35 thoughts on “Ballpark Sites Aplenty: A Map

  1. Such a long, strange trip.

  2. and unfortunately that long strange trip is going to continue for the next several years before they announce that its back to the Coli site- while some may feel that those of us who are skeptics of the Peralta site are just being negative getting approval for this site will prove to be as difficult as trying to convince the gints to give up T rights to SJ–I wish it would but its not gonna happen–

    • I think being skeptical is a reasonable response to this news. Especially considering the long journey it’s been. However the cast of characters is changed.
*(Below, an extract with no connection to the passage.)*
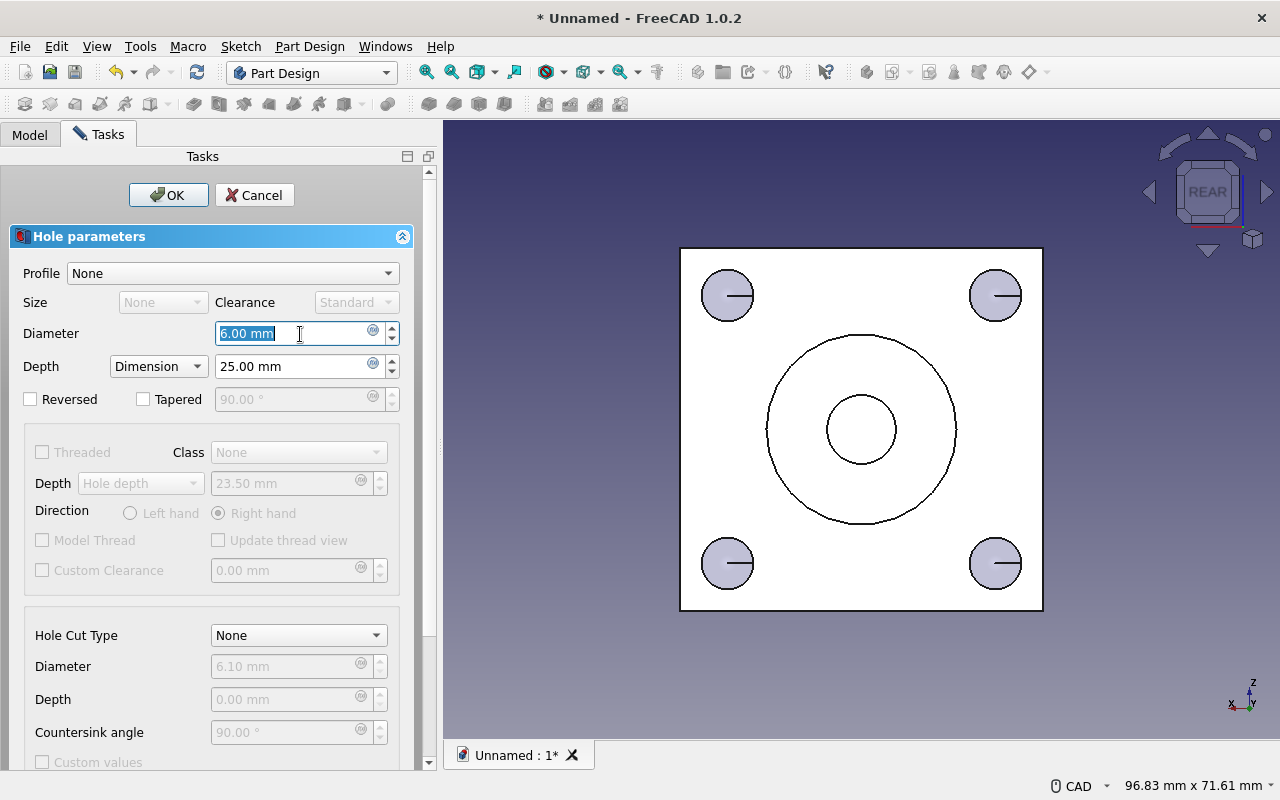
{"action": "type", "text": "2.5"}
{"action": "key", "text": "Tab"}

Kaval instead of Wolff is a major upgrade. The organization seems to care more and that can’t be discounted.

    • “while some may feel that those of us who are skeptics of the Peralta site are just being negative”

      Yeah, you pretty much nailed that one…

    • It’s nothing like getting territorial rights to SJ. It si like convincing the Shasta Hanchett Neighborhood Association on board with Diridon (which never happened).

    • @GoA’s The difference is, the Giant’s had contractual veto power so the A’s HAD to convince them to give up T rights. Peralta neighbors do not have a veto. It would be better if the A’s can convince them, but they don’t necessarily have to – they just have to convince enough Oakland pols that the political upside of approving the project outweighs the political downside.

      Again, many stadium projects get built in spite of NIMBY opposition (including Levi’s Stadium and Chase Center).

      • guys- I used the analogy of T rights to reflect the level of difficulty–don’t take that as a direct comparison. the level of difficulty of this site–as has been cited by just about anyone who knows anything about it–is extremely high….and that’s before the city of Oakland gets into how they are going to pay for infrastructure upgrades (some estimate at over $200M) or what they plan to give to the A’s to “privately” fund this ballpark. A’s have indicated behind the scene that they want development rights for some of the Coli land and want to share in revenue streams from other developments on this land…and perhaps elsewhere in the city. None of this has even been discussed in the public arena and once it hits you will have serious backlash in Oakland. Not only do you have to convince folks to give up their neighborhood but you also have to convince the affordable housing advocates and others that it is ok to give away revenue streams from public property—

      • I agree with all of this. NIMBYs won’t stop the project if Oakland doesn’t let them.

      • Exactly Jeff.

        The project won’t be stopped by NIMBY groups, unless it’s something the City of Oakland allows to happen.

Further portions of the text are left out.